■ Work task:
In the entries below, count every line containing "boundary". Return the number and nothing else.

##### Source data

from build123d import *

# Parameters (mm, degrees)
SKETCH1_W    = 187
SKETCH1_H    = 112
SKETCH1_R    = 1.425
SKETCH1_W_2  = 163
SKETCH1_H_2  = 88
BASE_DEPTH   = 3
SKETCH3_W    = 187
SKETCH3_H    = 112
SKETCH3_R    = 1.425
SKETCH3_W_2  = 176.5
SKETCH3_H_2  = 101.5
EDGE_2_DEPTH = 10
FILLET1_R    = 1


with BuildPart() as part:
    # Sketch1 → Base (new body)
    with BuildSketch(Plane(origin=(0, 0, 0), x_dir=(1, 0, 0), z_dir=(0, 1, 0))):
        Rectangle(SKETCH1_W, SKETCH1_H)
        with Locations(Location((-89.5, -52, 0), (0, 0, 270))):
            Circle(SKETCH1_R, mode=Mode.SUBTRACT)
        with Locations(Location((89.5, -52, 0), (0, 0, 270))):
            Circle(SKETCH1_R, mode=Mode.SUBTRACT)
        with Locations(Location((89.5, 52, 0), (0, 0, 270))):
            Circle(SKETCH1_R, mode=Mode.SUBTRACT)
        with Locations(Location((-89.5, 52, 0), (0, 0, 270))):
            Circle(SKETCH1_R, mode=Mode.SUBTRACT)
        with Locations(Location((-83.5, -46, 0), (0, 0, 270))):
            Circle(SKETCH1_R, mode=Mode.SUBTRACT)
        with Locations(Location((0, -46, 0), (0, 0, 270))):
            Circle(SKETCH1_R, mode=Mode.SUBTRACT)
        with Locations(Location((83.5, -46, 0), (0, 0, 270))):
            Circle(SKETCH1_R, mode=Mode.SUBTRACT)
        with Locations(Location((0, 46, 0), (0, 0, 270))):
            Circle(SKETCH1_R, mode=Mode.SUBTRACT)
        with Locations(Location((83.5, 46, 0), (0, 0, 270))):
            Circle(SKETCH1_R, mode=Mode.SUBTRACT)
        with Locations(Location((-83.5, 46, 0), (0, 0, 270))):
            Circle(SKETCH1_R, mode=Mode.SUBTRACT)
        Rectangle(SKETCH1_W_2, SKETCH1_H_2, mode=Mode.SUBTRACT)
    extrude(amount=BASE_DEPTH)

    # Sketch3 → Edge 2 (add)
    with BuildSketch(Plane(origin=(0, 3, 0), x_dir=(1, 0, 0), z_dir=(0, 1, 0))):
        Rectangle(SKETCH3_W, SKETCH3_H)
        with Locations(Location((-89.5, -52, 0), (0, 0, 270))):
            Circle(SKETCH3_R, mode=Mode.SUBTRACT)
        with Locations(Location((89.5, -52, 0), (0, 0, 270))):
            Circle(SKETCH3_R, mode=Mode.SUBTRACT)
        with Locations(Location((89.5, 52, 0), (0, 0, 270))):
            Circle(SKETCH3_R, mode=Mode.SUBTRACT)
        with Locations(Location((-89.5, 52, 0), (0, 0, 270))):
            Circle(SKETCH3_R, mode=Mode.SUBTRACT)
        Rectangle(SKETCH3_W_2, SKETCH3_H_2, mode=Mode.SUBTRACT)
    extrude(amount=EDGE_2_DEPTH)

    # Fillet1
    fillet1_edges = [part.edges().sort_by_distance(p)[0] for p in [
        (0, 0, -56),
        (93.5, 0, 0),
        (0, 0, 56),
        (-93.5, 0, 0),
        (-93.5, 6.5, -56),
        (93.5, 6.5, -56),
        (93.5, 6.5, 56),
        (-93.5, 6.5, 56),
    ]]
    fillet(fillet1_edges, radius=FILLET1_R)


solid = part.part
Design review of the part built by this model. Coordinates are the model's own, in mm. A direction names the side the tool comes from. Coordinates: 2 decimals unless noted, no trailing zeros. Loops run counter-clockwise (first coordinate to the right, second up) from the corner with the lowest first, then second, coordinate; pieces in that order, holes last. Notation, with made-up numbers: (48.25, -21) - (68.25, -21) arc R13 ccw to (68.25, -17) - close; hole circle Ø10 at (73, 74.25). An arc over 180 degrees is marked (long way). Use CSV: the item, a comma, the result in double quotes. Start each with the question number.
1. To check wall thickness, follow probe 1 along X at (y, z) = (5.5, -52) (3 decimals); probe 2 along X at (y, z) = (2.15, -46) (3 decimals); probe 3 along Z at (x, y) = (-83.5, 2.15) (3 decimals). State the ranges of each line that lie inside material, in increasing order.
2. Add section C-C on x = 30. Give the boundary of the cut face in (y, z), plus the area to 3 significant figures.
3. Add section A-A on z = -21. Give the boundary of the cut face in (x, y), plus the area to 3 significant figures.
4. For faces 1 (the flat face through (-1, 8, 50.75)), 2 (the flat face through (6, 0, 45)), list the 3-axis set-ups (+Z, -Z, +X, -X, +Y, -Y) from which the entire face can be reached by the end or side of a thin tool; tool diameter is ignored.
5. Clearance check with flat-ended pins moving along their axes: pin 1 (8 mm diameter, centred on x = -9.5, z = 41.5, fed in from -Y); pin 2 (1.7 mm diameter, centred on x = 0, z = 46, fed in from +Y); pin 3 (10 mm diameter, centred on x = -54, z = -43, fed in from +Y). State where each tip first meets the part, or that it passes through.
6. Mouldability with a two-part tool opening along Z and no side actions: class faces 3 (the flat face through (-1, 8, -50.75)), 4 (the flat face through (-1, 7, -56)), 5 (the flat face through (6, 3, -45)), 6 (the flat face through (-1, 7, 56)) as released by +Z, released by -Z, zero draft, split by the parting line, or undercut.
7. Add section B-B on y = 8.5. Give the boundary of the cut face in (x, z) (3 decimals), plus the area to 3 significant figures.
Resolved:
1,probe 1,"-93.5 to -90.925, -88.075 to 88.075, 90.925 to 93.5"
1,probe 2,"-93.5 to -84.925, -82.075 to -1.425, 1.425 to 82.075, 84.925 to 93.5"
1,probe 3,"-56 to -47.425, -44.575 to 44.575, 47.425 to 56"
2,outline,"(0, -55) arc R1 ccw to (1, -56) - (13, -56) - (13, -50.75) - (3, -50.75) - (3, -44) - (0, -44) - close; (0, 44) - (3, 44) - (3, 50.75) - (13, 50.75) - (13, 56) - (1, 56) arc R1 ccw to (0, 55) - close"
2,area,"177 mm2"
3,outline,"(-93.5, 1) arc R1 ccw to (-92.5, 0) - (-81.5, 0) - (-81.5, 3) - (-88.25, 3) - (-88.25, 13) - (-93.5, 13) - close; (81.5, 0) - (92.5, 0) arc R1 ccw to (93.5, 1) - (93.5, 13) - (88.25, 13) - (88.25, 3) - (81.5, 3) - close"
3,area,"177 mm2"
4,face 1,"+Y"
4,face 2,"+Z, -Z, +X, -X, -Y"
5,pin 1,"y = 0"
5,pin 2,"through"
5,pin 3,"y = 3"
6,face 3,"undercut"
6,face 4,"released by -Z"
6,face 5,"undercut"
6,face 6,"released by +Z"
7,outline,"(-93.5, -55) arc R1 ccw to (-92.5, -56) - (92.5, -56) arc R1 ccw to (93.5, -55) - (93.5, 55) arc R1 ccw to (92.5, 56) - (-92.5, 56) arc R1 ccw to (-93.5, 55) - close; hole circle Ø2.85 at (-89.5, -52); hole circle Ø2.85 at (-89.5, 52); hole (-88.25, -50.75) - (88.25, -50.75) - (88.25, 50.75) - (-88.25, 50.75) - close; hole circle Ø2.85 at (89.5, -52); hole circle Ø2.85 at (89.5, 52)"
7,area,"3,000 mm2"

##########

■ Answer box:
3